Can we turn our workplace into a laboratory and construct interactive experiences to provoke unorthodox responses to see what insights emerge? The ability to act on diverse ideas shapes the growth of the company and helps customers save money and live better. For example, through the Money Center within Walmart supercenter, the company offers millions of unbanked and underserved customers a series of low-cost financial services like check cashing, bill payments, money transfers and MoneyCard.
Case in practice
With a DEI-fertilized garden, innovation spurs everywhere.
Walmart was named one of Top 50 Most Innovative Companies in 2020 by Boston Consulting Group. When you think about innovative companies, Walmart might not be top of mind. However, the company moved to the No. 13 spot on the list, an increase of 29 places since 2019.
COVID-19 has tested Walmart but has not slowed it down. Instead, the company has sharpened its focus and ability to innovate with urgency by adapting the core to meet shifting customer needs.

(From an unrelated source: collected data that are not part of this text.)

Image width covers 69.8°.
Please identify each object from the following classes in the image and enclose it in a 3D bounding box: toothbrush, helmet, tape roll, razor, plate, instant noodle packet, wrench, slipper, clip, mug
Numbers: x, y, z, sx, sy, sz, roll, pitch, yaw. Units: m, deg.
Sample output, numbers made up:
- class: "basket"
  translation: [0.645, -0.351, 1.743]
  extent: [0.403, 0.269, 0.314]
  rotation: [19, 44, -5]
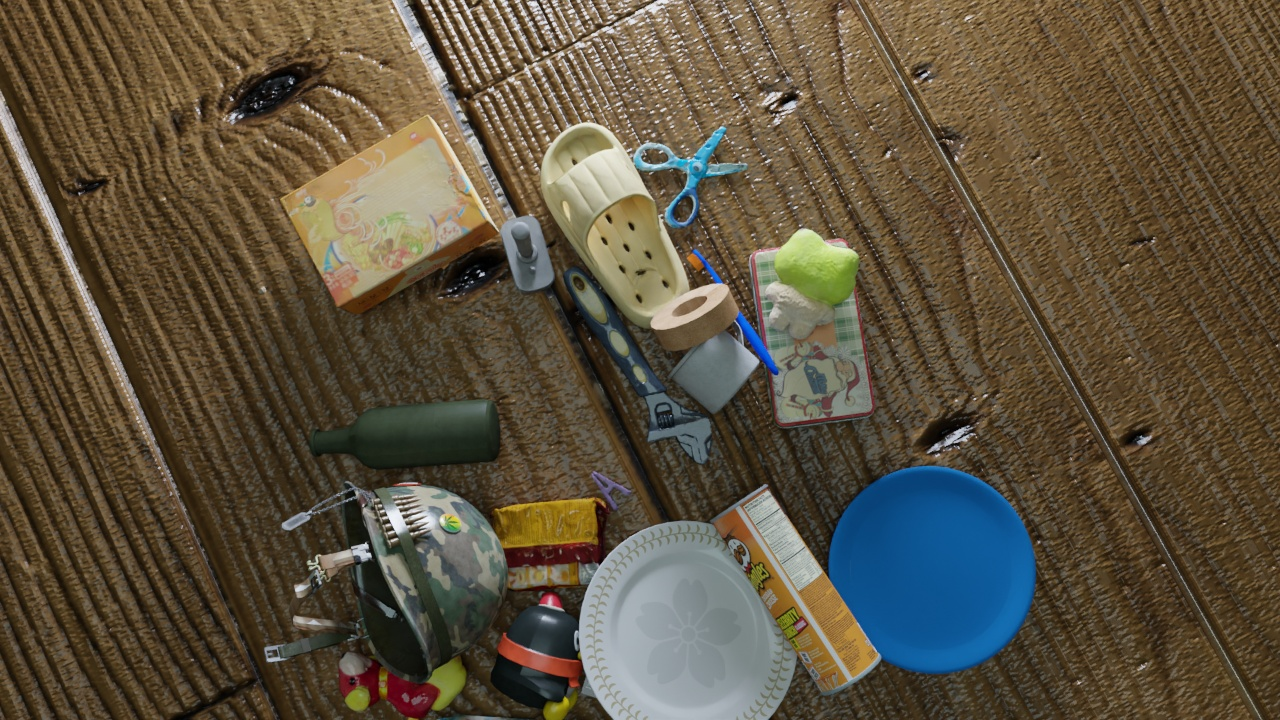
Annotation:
- class: "toothbrush"
  translation: [0.103, -0.055, 1.035]
  extent: [0.018, 0.016, 0.182]
  rotation: [-33, 67, 6]
- class: "helmet"
  translation: [-0.265, 0.226, 0.955]
  extent: [0.224, 0.193, 0.235]
  rotation: [44, 50, 18]
- class: "tape roll"
  translation: [0.059, -0.047, 0.996]
  extent: [0.094, 0.094, 0.027]
  rotation: [-29, 110, -1]
- class: "razor"
  translation: [-0.130, -0.130, 1.025]
  extent: [0.047, 0.116, 0.088]
  rotation: [-16, 84, -5]
- class: "plate"
  translation: [0.320, 0.230, 1.018]
  extent: [0.224, 0.024, 0.224]
  rotation: [0, 85, 2]
- class: "instant noodle packet"
  translation: [-0.099, 0.207, 1.031]
  extent: [0.135, 0.039, 0.098]
  rotation: [-6, 87, 5]
- class: "wrench"
  translation: [-0.006, 0.006, 1.054]
  extent: [0.073, 0.022, 0.273]
  rotation: [-34, 84, -1]
- class: "slipper"
  translation: [-0.032, -0.156, 1.045]
  extent: [0.111, 0.079, 0.261]
  rotation: [-30, 85, 3]
- class: "plate"
  translation: [0.053, 0.297, 1.002]
  extent: [0.242, 0.016, 0.242]
  rotation: [3, 70, -9]
- class: "clip"
  translation: [-0.036, 0.151, 1.047]
  extent: [0.050, 0.014, 0.046]
  rotation: [14, 88, 1]
- class: "mug"
  translation: [0.090, 0.000, 1.028]
  extent: [0.070, 0.085, 0.112]
  rotation: [41, 55, 3]

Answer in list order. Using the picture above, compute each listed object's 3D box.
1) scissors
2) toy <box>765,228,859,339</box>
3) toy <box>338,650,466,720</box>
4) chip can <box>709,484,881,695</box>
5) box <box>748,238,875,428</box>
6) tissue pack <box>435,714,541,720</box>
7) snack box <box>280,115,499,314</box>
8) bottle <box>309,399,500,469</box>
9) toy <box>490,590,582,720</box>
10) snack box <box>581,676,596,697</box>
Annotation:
- class: "scissors"
  translation: [0.059, -0.213, 1.079]
  extent: [0.134, 0.012, 0.134]
  rotation: [-1, 84, 1]
- class: "toy"
  translation: [0.182, -0.080, 0.996]
  extent: [0.092, 0.046, 0.115]
  rotation: [26, 93, 7]
- class: "toy"
  translation: [-0.262, 0.356, 1.018]
  extent: [0.137, 0.067, 0.105]
  rotation: [-5, 87, -10]
- class: "chip can"
  translation: [0.165, 0.244, 0.988]
  extent: [0.075, 0.075, 0.215]
  rotation: [-33, 79, -1]
- class: "box"
  translation: [0.191, -0.029, 1.037]
  extent: [0.117, 0.050, 0.205]
  rotation: [-6, 83, 1]
- class: "tissue pack"
  translation: [-0.139, 0.449, 0.994]
  extent: [0.182, 0.070, 0.112]
  rotation: [2, 85, 3]
- class: "snack box"
  translation: [-0.282, -0.161, 1.052]
  extent: [0.195, 0.080, 0.145]
  rotation: [-30, 84, 0]
- class: "bottle"
  translation: [-0.265, 0.086, 1.033]
  extent: [0.207, 0.071, 0.071]
  rotation: [-4, 84, 2]
- class: "toy"
  translation: [-0.105, 0.315, 0.994]
  extent: [0.100, 0.097, 0.119]
  rotation: [16, 83, 8]
- class: "snack box"
  translation: [0.010, 0.361, 1.015]
  extent: [0.141, 0.032, 0.051]
  rotation: [17, 85, 4]

Here are a few examples of how we’ve seen innovation bloom with a remote workforce during the pandemic:
- To help America adapt to its summer of social distance, Walmart launched virtual summer camps and turned parking lots at 160 stores into drive-in movie theaters. Walmart Camp launched on the Walmart mobile app, with 50 activities led by celebrity camp counselors, including Drew Barrymore, LeBron James, Neil Patrick Harris and Todd Oldham. Another 200 new events were expected to come online throughout the summer.
- In the U.S., 5.4 million Americans don’t have Health Insurance. By offering a new Health Center, Walmart can be a leader in promoting better health outcomes for people in their communities, on their schedule and within their budgets. Walmart Health is the first to put primary and urgent care, labs, X-ray and diagnostics, counseling, dental, optical and hearing services all in one facility, partnering with expert providers to deliver these quality services. The Walmart Health center in Georgia has transparent, low pricing, allowing a child to get an annual check-up for $20, lab tests starting at $10 and teeth cleaning for adults for $25, regardless of insurance status.
- Walmart is committed to delivering groceries with time-saving convenience through our expanding Grocery Pickup and Delivery service. Now, the company has grown the online grocery footprint to more than 3,000 pickup locations, with deliveries coming from more than 1,600 stores, powered by Walmart’s team of more than 50,000 personal shoppers.
- Walmart opened its application process for the seventh annual Open Call. Business owners who want to get their U.S.-made products on our shelves can meet with buyers on October 1, 2020. For the first time, the event will take place in a virtual format, as a continued commitment to sourcing and purchasing an additional $250 billion in products made, grown or assembled in the U.S. that support American jobs by 2023.
Steve Jobs said, “The source of wealth and capital in this new era is not material things, it is the human mind, the human spirit, the human imagination and our faith in the future.” When we enlighten and inspire our people to harness their creativity to generate value in an inclusive culture, we nurture fertile soil where seeds of innovation can blossom into the opportunity of sustained future growth.